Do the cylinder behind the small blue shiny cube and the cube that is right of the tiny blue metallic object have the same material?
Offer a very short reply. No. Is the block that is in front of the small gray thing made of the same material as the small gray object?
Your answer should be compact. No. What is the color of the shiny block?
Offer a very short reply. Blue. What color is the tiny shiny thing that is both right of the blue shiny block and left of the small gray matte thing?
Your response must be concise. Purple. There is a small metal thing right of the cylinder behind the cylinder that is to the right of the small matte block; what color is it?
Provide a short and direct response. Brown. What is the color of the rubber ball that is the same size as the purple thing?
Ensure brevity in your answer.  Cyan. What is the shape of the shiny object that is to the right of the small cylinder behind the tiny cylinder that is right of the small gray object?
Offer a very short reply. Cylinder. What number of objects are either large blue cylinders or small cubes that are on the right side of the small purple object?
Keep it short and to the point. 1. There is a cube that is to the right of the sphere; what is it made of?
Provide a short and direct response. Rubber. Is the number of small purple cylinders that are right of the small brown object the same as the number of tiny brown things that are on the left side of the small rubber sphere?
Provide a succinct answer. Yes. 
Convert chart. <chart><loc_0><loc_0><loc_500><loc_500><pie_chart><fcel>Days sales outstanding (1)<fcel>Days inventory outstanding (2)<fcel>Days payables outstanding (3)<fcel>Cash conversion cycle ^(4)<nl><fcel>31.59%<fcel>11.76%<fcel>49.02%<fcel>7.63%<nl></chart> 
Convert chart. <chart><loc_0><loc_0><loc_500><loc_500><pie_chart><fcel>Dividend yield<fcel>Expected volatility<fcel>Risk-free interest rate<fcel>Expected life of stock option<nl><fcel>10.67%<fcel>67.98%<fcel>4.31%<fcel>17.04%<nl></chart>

===

■ **WORK TASK**: The response should be an exact copy of every line above.

■ **EXPECTED OUTPUT**:
Do the cylinder behind the small blue shiny cube and the cube that is right of the tiny blue metallic object have the same material?
Offer a very short reply. No. Is the block that is in front of the small gray thing made of the same material as the small gray object?
Your answer should be compact. No. What is the color of the shiny block?
Offer a very short reply. Blue. What color is the tiny shiny thing that is both right of the blue shiny block and left of the small gray matte thing?
Your response must be concise. Purple. There is a small metal thing right of the cylinder behind the cylinder that is to the right of the small matte block; what color is it?
Provide a short and direct response. Brown. What is the color of the rubber ball that is the same size as the purple thing?
Ensure brevity in your answer.  Cyan. What is the shape of the shiny object that is to the right of the small cylinder behind the tiny cylinder that is right of the small gray object?
Offer a very short reply. Cylinder. What number of objects are either large blue cylinders or small cubes that are on the right side of the small purple object?
Keep it short and to the point. 1. There is a cube that is to the right of the sphere; what is it made of?
Provide a short and direct response. Rubber. Is the number of small purple cylinders that are right of the small brown object the same as the number of tiny brown things that are on the left side of the small rubber sphere?
Provide a succinct answer. Yes. 
Convert chart. <chart><loc_0><loc_0><loc_500><loc_500><pie_chart><fcel>Days sales outstanding (1)<fcel>Days inventory outstanding (2)<fcel>Days payables outstanding (3)<fcel>Cash conversion cycle ^(4)<nl><fcel>31.59%<fcel>11.76%<fcel>49.02%<fcel>7.63%<nl></chart> 
Convert chart. <chart><loc_0><loc_0><loc_500><loc_500><pie_chart><fcel>Dividend yield<fcel>Expected volatility<fcel>Risk-free interest rate<fcel>Expected life of stock option<nl><fcel>10.67%<fcel>67.98%<fcel>4.31%<fcel>17.04%<nl></chart>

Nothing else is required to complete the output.